But Zenawi simply has no clue. The U.S. “antiterrorism law” is not as perfect as he the thinks it is and may not be worthy of ultimate imitation. In fact, it is quite flawed. For instance, in 2004, a federal judge in New York ruled that a key component of the USA Patriot Act is unconstitutional because it allows the FBI to demand information from Internet service providers without judicial oversight or public review. Another federal judge in Oregon in 2007 ruled that crucial parts of the USA Patriot Act were unconstitutional because they allowed federal surveillance and searches of Americans without demonstrating probable cause required by the Fourth Amendment. The judge wrote, “For over 200 years, this Nation has adhered to the rule of law — with unparalleled success. A shift to a Nation based on extra-constitutional authority is prohibited, as well as ill-advised.”

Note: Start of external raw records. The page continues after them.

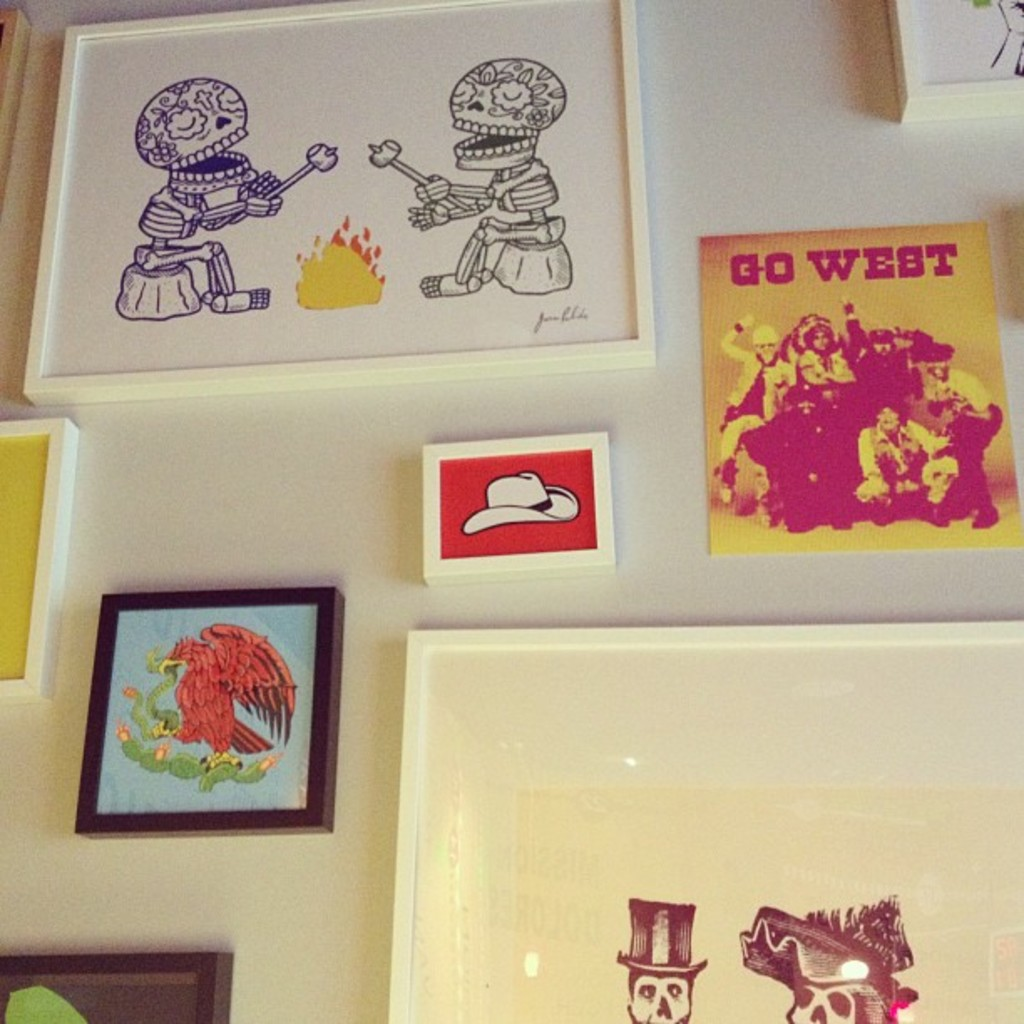Can you describe the artistic style used in the pieces shown in the image? The artworks embody a mix of pop art and modern graphic illustrations, utilizing vibrant colors and bold outlines. The pieces display a playful yet poignant portrayal of figures and themes, like the cartoonish skeletons and the vivid phoenix, which add a layer of depth to the otherwise light-hearted style. 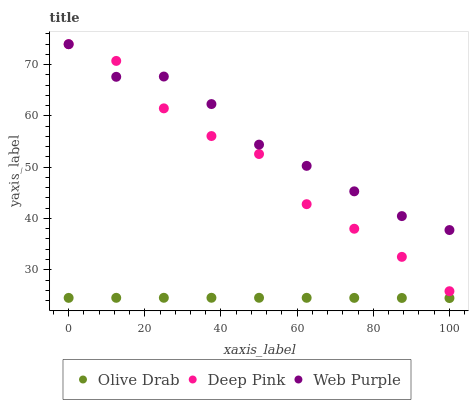Does Olive Drab have the minimum area under the curve?
Answer yes or no. Yes. Does Web Purple have the maximum area under the curve?
Answer yes or no. Yes. Does Deep Pink have the minimum area under the curve?
Answer yes or no. No. Does Deep Pink have the maximum area under the curve?
Answer yes or no. No. Is Olive Drab the smoothest?
Answer yes or no. Yes. Is Deep Pink the roughest?
Answer yes or no. Yes. Is Deep Pink the smoothest?
Answer yes or no. No. Is Olive Drab the roughest?
Answer yes or no. No. Does Olive Drab have the lowest value?
Answer yes or no. Yes. Does Deep Pink have the lowest value?
Answer yes or no. No. Does Deep Pink have the highest value?
Answer yes or no. Yes. Does Olive Drab have the highest value?
Answer yes or no. No. Is Olive Drab less than Deep Pink?
Answer yes or no. Yes. Is Deep Pink greater than Olive Drab?
Answer yes or no. Yes. Does Web Purple intersect Deep Pink?
Answer yes or no. Yes. Is Web Purple less than Deep Pink?
Answer yes or no. No. Is Web Purple greater than Deep Pink?
Answer yes or no. No. Does Olive Drab intersect Deep Pink?
Answer yes or no. No. 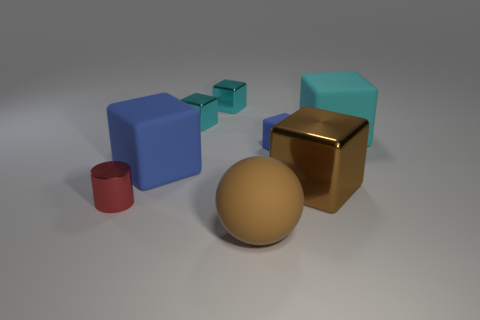Is there another object that has the same material as the small blue thing?
Provide a short and direct response. Yes. What material is the big brown object that is to the right of the tiny cube right of the brown rubber object?
Offer a very short reply. Metal. There is a shiny object in front of the big brown metal cube; how big is it?
Offer a very short reply. Small. Do the large ball and the shiny cube to the right of the brown ball have the same color?
Your answer should be very brief. Yes. Are there any other cylinders that have the same color as the tiny cylinder?
Provide a succinct answer. No. Do the small blue object and the brown object behind the small red cylinder have the same material?
Your answer should be compact. No. What number of small objects are blue rubber cylinders or brown shiny objects?
Your answer should be very brief. 0. There is a block that is the same color as the large sphere; what is its material?
Your answer should be very brief. Metal. Is the number of blocks less than the number of objects?
Offer a terse response. Yes. Is the size of the brown thing that is in front of the cylinder the same as the shiny object that is in front of the brown metal cube?
Your answer should be compact. No. 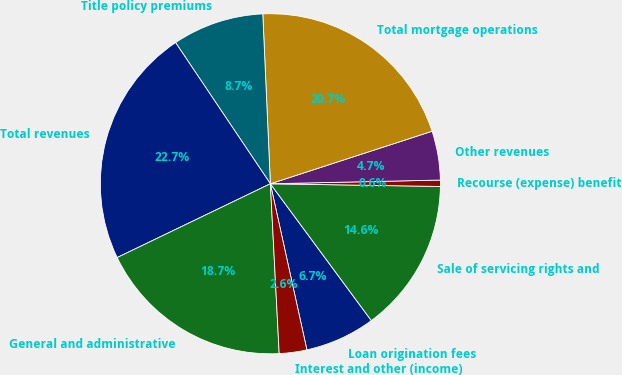Convert chart. <chart><loc_0><loc_0><loc_500><loc_500><pie_chart><fcel>Loan origination fees<fcel>Sale of servicing rights and<fcel>Recourse (expense) benefit<fcel>Other revenues<fcel>Total mortgage operations<fcel>Title policy premiums<fcel>Total revenues<fcel>General and administrative<fcel>Interest and other (income)<nl><fcel>6.67%<fcel>14.63%<fcel>0.6%<fcel>4.65%<fcel>20.71%<fcel>8.7%<fcel>22.73%<fcel>18.68%<fcel>2.62%<nl></chart> 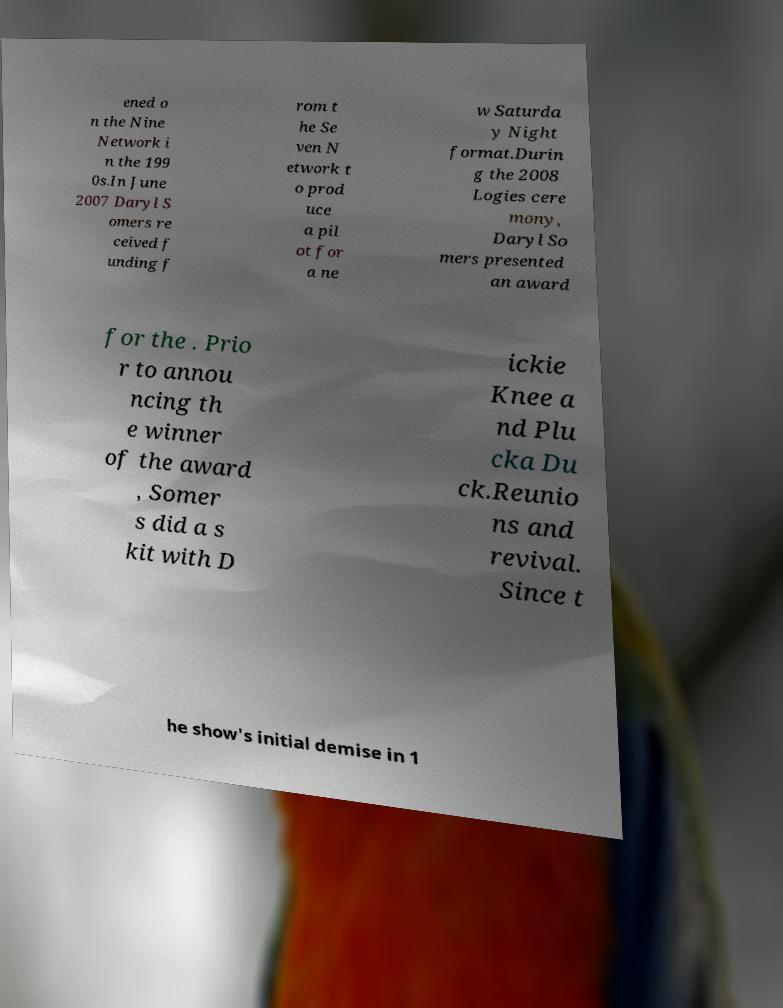I need the written content from this picture converted into text. Can you do that? ened o n the Nine Network i n the 199 0s.In June 2007 Daryl S omers re ceived f unding f rom t he Se ven N etwork t o prod uce a pil ot for a ne w Saturda y Night format.Durin g the 2008 Logies cere mony, Daryl So mers presented an award for the . Prio r to annou ncing th e winner of the award , Somer s did a s kit with D ickie Knee a nd Plu cka Du ck.Reunio ns and revival. Since t he show's initial demise in 1

Unlike Zenawi’s “anti-terrorism” diktat, the Patriot Act had significant limitations in itself, including sunset provisions (expiration dates) of December 31, 2005 on a number of issues including wiretapping, sharing foreign intelligence information, seizure of voice-mail emergency disclosure of electronic surveillance. When it was reauthorized, a new sunset of December 31, 2009 was established and significant amendments added to provide for greater congressional and judicial oversight of orders for roving wiretaps and enhanced procedural protections for “sneak and peek” search warrants, among many others.
Zenawi also fails to understand the power of judicial review and the resolute ferocity of American lawyers dedicated to civil liberties in challenging the government and stopping it from encroaching on the civil liberties of the people. In other words, in America, there are lawyers and judges who are willing, able and ready to hold the Congress’ or the President’s feet to the fire of the supreme law of the land. In Ethiopia, there are only dictators who hold the peoples’ feet, hands and bodies to the fire.
But Zenawi is absolutely right in saying that “there is no shame if we learn or take from them [America, Britain, European model]”. Learning from a good teacher is useful not harmful.” But it is not enough to have good teachers, one must also be a good student and learn all of the substantive lessons, not just a word here, a phrase there and a clause somewhere else.
Do Ethiopians Want a Government of Laws and Not of Men?
The rule of law operates differently in different societies and there is no single “flawless” conception of the principle. I do believe there are some commonalities and universal elements of the rule of law principle that are applicable in all societies. To extract the most universal elements, it is necessary to learn from alternative conceptions and experiences in the application of the rule of law. But the learning process should not be robotic or involve the mindless aggregation of bits and fragments of information and analysis. It should be syncretic, synthesizing divergent and conflicting ideas and practices in the practical application of the rule of law.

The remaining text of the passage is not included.